The family is already seated around a large elliptical table in the interior space as Azoulay completes his labors over the first course, which tonight is a selection of dim sum fish dishes, including European sea bass with a mayonnaise-lemongrass-wasabi sauce. The meals never repeat themselves, and Azoulay lets his creativity take over the cooking anew each time. Korin peeks at the diners through the kitchen door, making sure that they are satisfied.

Korin took scrupulous care with every detail of the business she built. The architects Eyal and Alona Ratner were in charge of the design. An Italian display fridge stands in the restaurant; the building's original windows were treated by the wood artist Yaakov Sasson; and the pattern decorating the bathroom sink corresponds to the pattern of the original floor tiles in the 90-year-old building.

"It is important to me that everything operate to perfection," she says. "In New York, for example, there are so many restaurants that if you're disappointed once, you will never go back to that restaurant. It's the same here: It is important to me that every customer receives the best possible service and experience. If someone places a take-out order at 11:00 it can't be ready at 11:03."
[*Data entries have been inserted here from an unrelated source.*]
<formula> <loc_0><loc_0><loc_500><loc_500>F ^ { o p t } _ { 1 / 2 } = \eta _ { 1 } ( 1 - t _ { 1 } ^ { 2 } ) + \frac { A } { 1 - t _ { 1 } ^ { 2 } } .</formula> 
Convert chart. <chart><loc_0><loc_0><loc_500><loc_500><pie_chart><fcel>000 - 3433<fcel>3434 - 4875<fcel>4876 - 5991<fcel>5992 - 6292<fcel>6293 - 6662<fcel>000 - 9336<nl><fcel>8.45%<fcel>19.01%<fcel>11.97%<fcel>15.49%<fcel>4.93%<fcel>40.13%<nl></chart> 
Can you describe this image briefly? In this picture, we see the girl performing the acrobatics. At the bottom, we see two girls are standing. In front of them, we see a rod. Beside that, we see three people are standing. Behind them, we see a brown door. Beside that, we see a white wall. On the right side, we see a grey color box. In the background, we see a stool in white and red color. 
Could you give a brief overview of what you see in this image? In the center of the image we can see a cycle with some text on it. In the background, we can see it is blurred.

The investment in this project was larger than Korin had intended, but she won't divulge sums: "There were expenses that I thought would come only next year, like a bigger stove and more kitchen equipment, that I was forced to invest in to meet demand. I also had to employ more staff. There are expenditures I hadn't planned on, but these have gone for things that are ultimately meant to help.
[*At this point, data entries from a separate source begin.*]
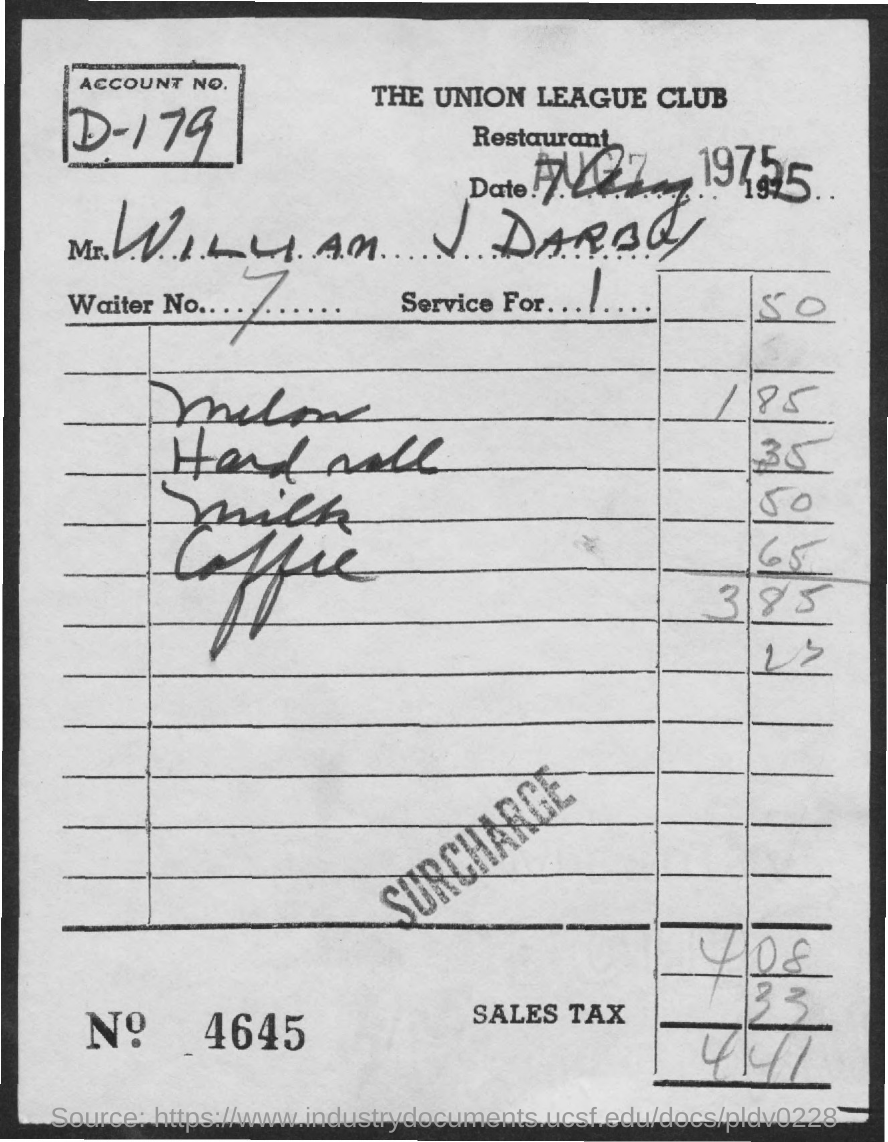What is the account no.?
Provide a succinct answer. D-179. What is the waiter no.?
Your answer should be compact. 7. What is the bill no.?
Your answer should be very brief. 4645. What is the amount of sales tax?
Provide a succinct answer. 33. What is the total amount?
Give a very brief answer. 441. 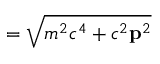Convert formula to latex. <formula><loc_0><loc_0><loc_500><loc_500>= { \sqrt { m ^ { 2 } c ^ { 4 } + c ^ { 2 } p ^ { 2 } } }</formula> 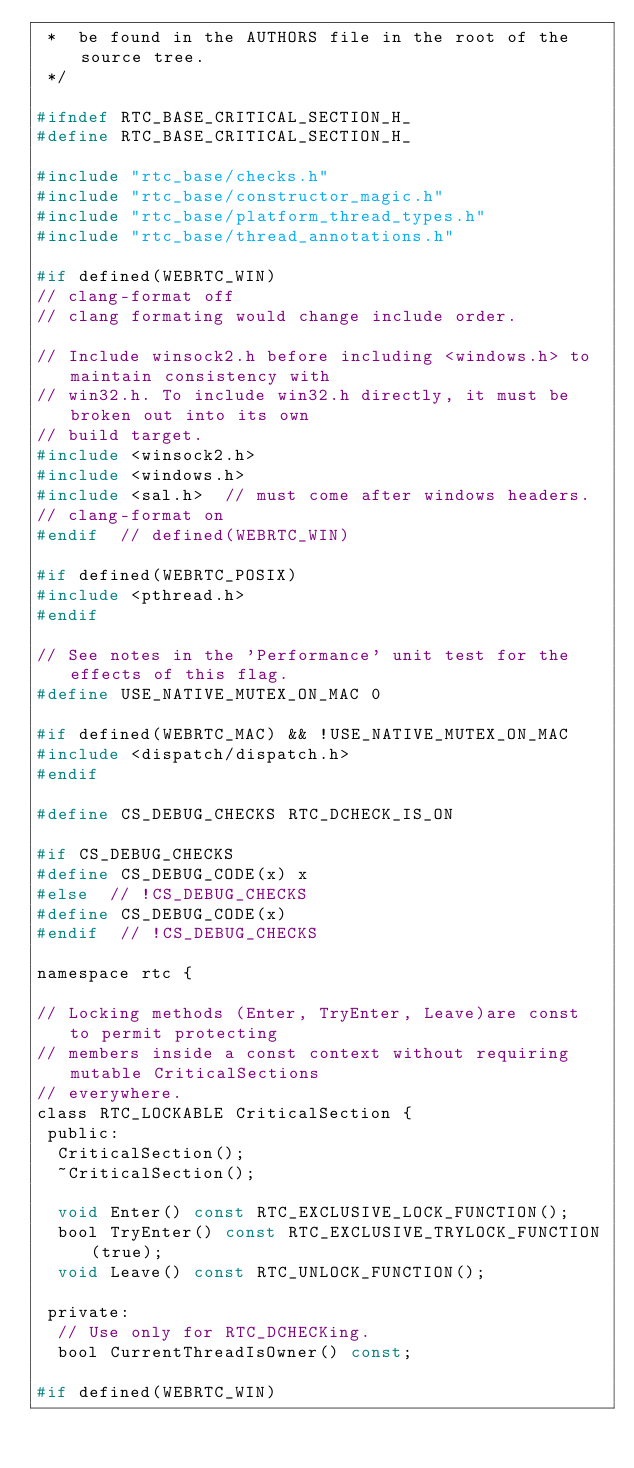<code> <loc_0><loc_0><loc_500><loc_500><_C_> *  be found in the AUTHORS file in the root of the source tree.
 */

#ifndef RTC_BASE_CRITICAL_SECTION_H_
#define RTC_BASE_CRITICAL_SECTION_H_

#include "rtc_base/checks.h"
#include "rtc_base/constructor_magic.h"
#include "rtc_base/platform_thread_types.h"
#include "rtc_base/thread_annotations.h"

#if defined(WEBRTC_WIN)
// clang-format off
// clang formating would change include order.

// Include winsock2.h before including <windows.h> to maintain consistency with
// win32.h. To include win32.h directly, it must be broken out into its own
// build target.
#include <winsock2.h>
#include <windows.h>
#include <sal.h>  // must come after windows headers.
// clang-format on
#endif  // defined(WEBRTC_WIN)

#if defined(WEBRTC_POSIX)
#include <pthread.h>
#endif

// See notes in the 'Performance' unit test for the effects of this flag.
#define USE_NATIVE_MUTEX_ON_MAC 0

#if defined(WEBRTC_MAC) && !USE_NATIVE_MUTEX_ON_MAC
#include <dispatch/dispatch.h>
#endif

#define CS_DEBUG_CHECKS RTC_DCHECK_IS_ON

#if CS_DEBUG_CHECKS
#define CS_DEBUG_CODE(x) x
#else  // !CS_DEBUG_CHECKS
#define CS_DEBUG_CODE(x)
#endif  // !CS_DEBUG_CHECKS

namespace rtc {

// Locking methods (Enter, TryEnter, Leave)are const to permit protecting
// members inside a const context without requiring mutable CriticalSections
// everywhere.
class RTC_LOCKABLE CriticalSection {
 public:
  CriticalSection();
  ~CriticalSection();

  void Enter() const RTC_EXCLUSIVE_LOCK_FUNCTION();
  bool TryEnter() const RTC_EXCLUSIVE_TRYLOCK_FUNCTION(true);
  void Leave() const RTC_UNLOCK_FUNCTION();

 private:
  // Use only for RTC_DCHECKing.
  bool CurrentThreadIsOwner() const;

#if defined(WEBRTC_WIN)</code>

"However much the place makes won't really affect my way of life," says Korin. "Even if it brings in $200,000 a month, I'll still live the same way. On the other hand, it can change the lives of a lot of young people."
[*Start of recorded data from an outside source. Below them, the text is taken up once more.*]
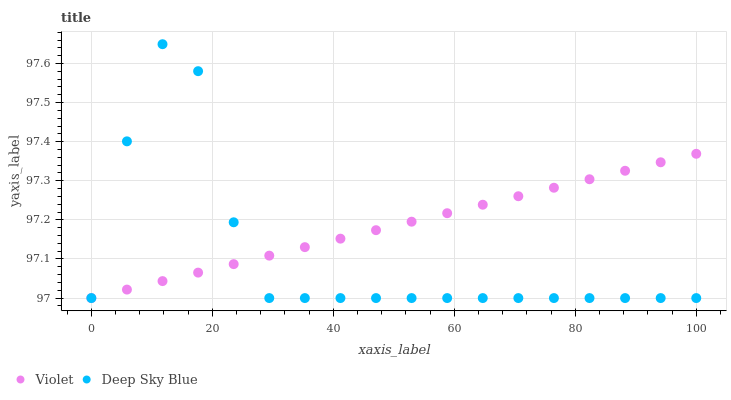Does Deep Sky Blue have the minimum area under the curve?
Answer yes or no. Yes. Does Violet have the maximum area under the curve?
Answer yes or no. Yes. Does Violet have the minimum area under the curve?
Answer yes or no. No. Is Violet the smoothest?
Answer yes or no. Yes. Is Deep Sky Blue the roughest?
Answer yes or no. Yes. Is Violet the roughest?
Answer yes or no. No. Does Deep Sky Blue have the lowest value?
Answer yes or no. Yes. Does Deep Sky Blue have the highest value?
Answer yes or no. Yes. Does Violet have the highest value?
Answer yes or no. No. Does Deep Sky Blue intersect Violet?
Answer yes or no. Yes. Is Deep Sky Blue less than Violet?
Answer yes or no. No. Is Deep Sky Blue greater than Violet?
Answer yes or no. No. 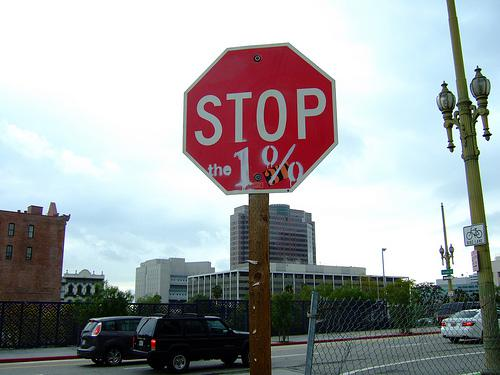Question: what color is the stop sign?
Choices:
A. Red.
B. Orange.
C. White.
D. Grey.
Answer with the letter. Answer: A Question: where was the picture taken?
Choices:
A. In the house.
B. On the street.
C. On the plane.
D. In the restaurant.
Answer with the letter. Answer: B Question: what is the stop sign pole made of?
Choices:
A. Metal.
B. Titanium.
C. Brick.
D. Wood.
Answer with the letter. Answer: D Question: how many stop signs are there?
Choices:
A. Two.
B. Zero.
C. Three.
D. One.
Answer with the letter. Answer: D 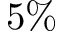<formula> <loc_0><loc_0><loc_500><loc_500>5 \%</formula> 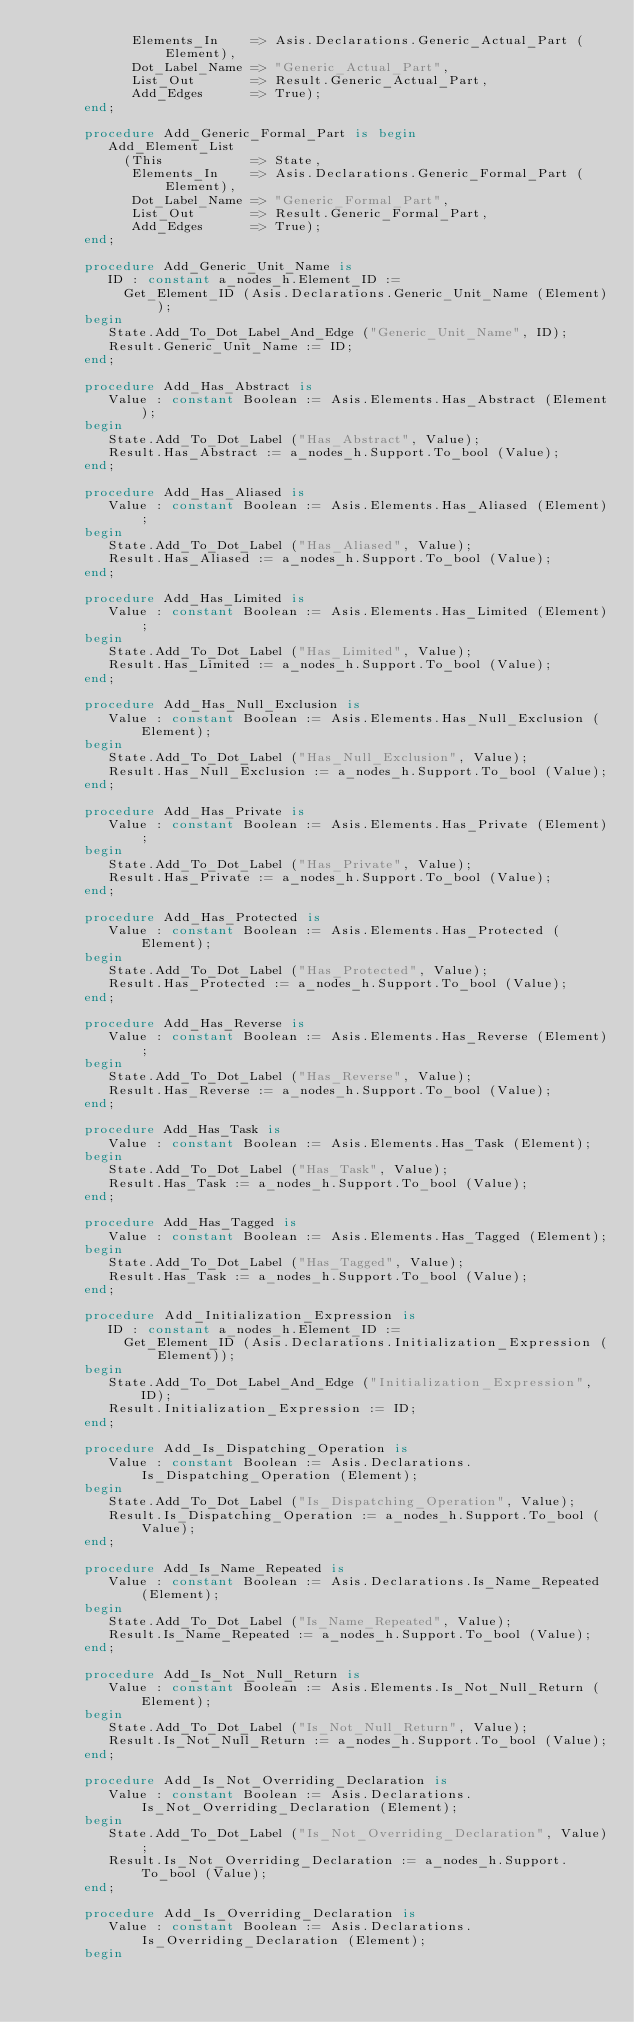Convert code to text. <code><loc_0><loc_0><loc_500><loc_500><_Ada_>            Elements_In    => Asis.Declarations.Generic_Actual_Part (Element),
            Dot_Label_Name => "Generic_Actual_Part",
            List_Out       => Result.Generic_Actual_Part,
            Add_Edges      => True);
      end;

      procedure Add_Generic_Formal_Part is begin
         Add_Element_List
           (This           => State,
            Elements_In    => Asis.Declarations.Generic_Formal_Part (Element),
            Dot_Label_Name => "Generic_Formal_Part",
            List_Out       => Result.Generic_Formal_Part,
            Add_Edges      => True);
      end;

      procedure Add_Generic_Unit_Name is
         ID : constant a_nodes_h.Element_ID :=
           Get_Element_ID (Asis.Declarations.Generic_Unit_Name (Element));
      begin
         State.Add_To_Dot_Label_And_Edge ("Generic_Unit_Name", ID);
         Result.Generic_Unit_Name := ID;
      end;

      procedure Add_Has_Abstract is
         Value : constant Boolean := Asis.Elements.Has_Abstract (Element);
      begin
         State.Add_To_Dot_Label ("Has_Abstract", Value);
         Result.Has_Abstract := a_nodes_h.Support.To_bool (Value);
      end;

      procedure Add_Has_Aliased is
         Value : constant Boolean := Asis.Elements.Has_Aliased (Element);
      begin
         State.Add_To_Dot_Label ("Has_Aliased", Value);
         Result.Has_Aliased := a_nodes_h.Support.To_bool (Value);
      end;

      procedure Add_Has_Limited is
         Value : constant Boolean := Asis.Elements.Has_Limited (Element);
      begin
         State.Add_To_Dot_Label ("Has_Limited", Value);
         Result.Has_Limited := a_nodes_h.Support.To_bool (Value);
      end;

      procedure Add_Has_Null_Exclusion is
         Value : constant Boolean := Asis.Elements.Has_Null_Exclusion (Element);
      begin
         State.Add_To_Dot_Label ("Has_Null_Exclusion", Value);
         Result.Has_Null_Exclusion := a_nodes_h.Support.To_bool (Value);
      end;

      procedure Add_Has_Private is
         Value : constant Boolean := Asis.Elements.Has_Private (Element);
      begin
         State.Add_To_Dot_Label ("Has_Private", Value);
         Result.Has_Private := a_nodes_h.Support.To_bool (Value);
      end;

      procedure Add_Has_Protected is
         Value : constant Boolean := Asis.Elements.Has_Protected (Element);
      begin
         State.Add_To_Dot_Label ("Has_Protected", Value);
         Result.Has_Protected := a_nodes_h.Support.To_bool (Value);
      end;

      procedure Add_Has_Reverse is
         Value : constant Boolean := Asis.Elements.Has_Reverse (Element);
      begin
         State.Add_To_Dot_Label ("Has_Reverse", Value);
         Result.Has_Reverse := a_nodes_h.Support.To_bool (Value);
      end;

      procedure Add_Has_Task is
         Value : constant Boolean := Asis.Elements.Has_Task (Element);
      begin
         State.Add_To_Dot_Label ("Has_Task", Value);
         Result.Has_Task := a_nodes_h.Support.To_bool (Value);
      end;

      procedure Add_Has_Tagged is
         Value : constant Boolean := Asis.Elements.Has_Tagged (Element);
      begin
         State.Add_To_Dot_Label ("Has_Tagged", Value);
         Result.Has_Task := a_nodes_h.Support.To_bool (Value);
      end;

      procedure Add_Initialization_Expression is
         ID : constant a_nodes_h.Element_ID :=
           Get_Element_ID (Asis.Declarations.Initialization_Expression (Element));
      begin
         State.Add_To_Dot_Label_And_Edge ("Initialization_Expression", ID);
         Result.Initialization_Expression := ID;
      end;

      procedure Add_Is_Dispatching_Operation is
         Value : constant Boolean := Asis.Declarations.Is_Dispatching_Operation (Element);
      begin
         State.Add_To_Dot_Label ("Is_Dispatching_Operation", Value);
         Result.Is_Dispatching_Operation := a_nodes_h.Support.To_bool (Value);
      end;

      procedure Add_Is_Name_Repeated is
         Value : constant Boolean := Asis.Declarations.Is_Name_Repeated (Element);
      begin
         State.Add_To_Dot_Label ("Is_Name_Repeated", Value);
         Result.Is_Name_Repeated := a_nodes_h.Support.To_bool (Value);
      end;

      procedure Add_Is_Not_Null_Return is
         Value : constant Boolean := Asis.Elements.Is_Not_Null_Return (Element);
      begin
         State.Add_To_Dot_Label ("Is_Not_Null_Return", Value);
         Result.Is_Not_Null_Return := a_nodes_h.Support.To_bool (Value);
      end;

      procedure Add_Is_Not_Overriding_Declaration is
         Value : constant Boolean := Asis.Declarations.Is_Not_Overriding_Declaration (Element);
      begin
         State.Add_To_Dot_Label ("Is_Not_Overriding_Declaration", Value);
         Result.Is_Not_Overriding_Declaration := a_nodes_h.Support.To_bool (Value);
      end;

      procedure Add_Is_Overriding_Declaration is
         Value : constant Boolean := Asis.Declarations.Is_Overriding_Declaration (Element);
      begin</code>

How soon do you predict Bakery 29 will become profitable?

"I don't know how long it will take. I'm very new to this industry, so I'm not experienced enough yet to give you an answer, but my gut tells me that we'll break even in our second year . If we're very successful, I believe that within a year and a half."

Don't you like making money anymore? Don't you miss it?

"I think that money is something very positive, and a group of donors who have made a lot of money are helpful to Israel. Sometimes I feel like the attitude in Israel is that making money is a bad thing. I don't think that. It's not that I don't like making money anymore, it's just that my career was really intense and stressful. I didn't have a life for a very long time and I was exhausted from that. Wall Street is a man's place and really lacks emotion. I felt empty and fake and I wanted a chance for myself."

Are you still interested in economics? Do you read the financial pages?

"Sometimes I read articles that friends e-mail me on interesting topics, some of them related to the markets."

Where do you see yourself in 10 years?

"I hope to be the mother of a 9-year-old. I don't really know where life will take me, but I'm open to anything that I think will make me happy."

The day before Bakery 29 opened, a meeting was held for Impact! students enrolled at the Interdisciplinary Center, Herzliya. Korin, who sits on the Friends of IDC board, addressed the students: "I want you to know that I had to work the whole time to finance my university studies. I had no money," she told them. "Ten years from now you will be able to stand here and donate to others. You can do anything. I believe in you and love you. Tomorrow I am opening a place, and it's for you."

In the few months since it opened, the place has managed to accumulate a crowd of regulars. Every day at lunchtime, the bakery is full of customers, many of whom come directly from the Tel Aviv Stock Exchange nearby.

Ahead of Passover the bakery closed for the first time, and Korin took advantage of the break to go on a "honeymoon" to South Africa. Just a few weeks earlier she became engaged to an executive at a high-tech firm, and even though the wedding is scheduled for June, the couple decided to take an early honeymoon during Passover.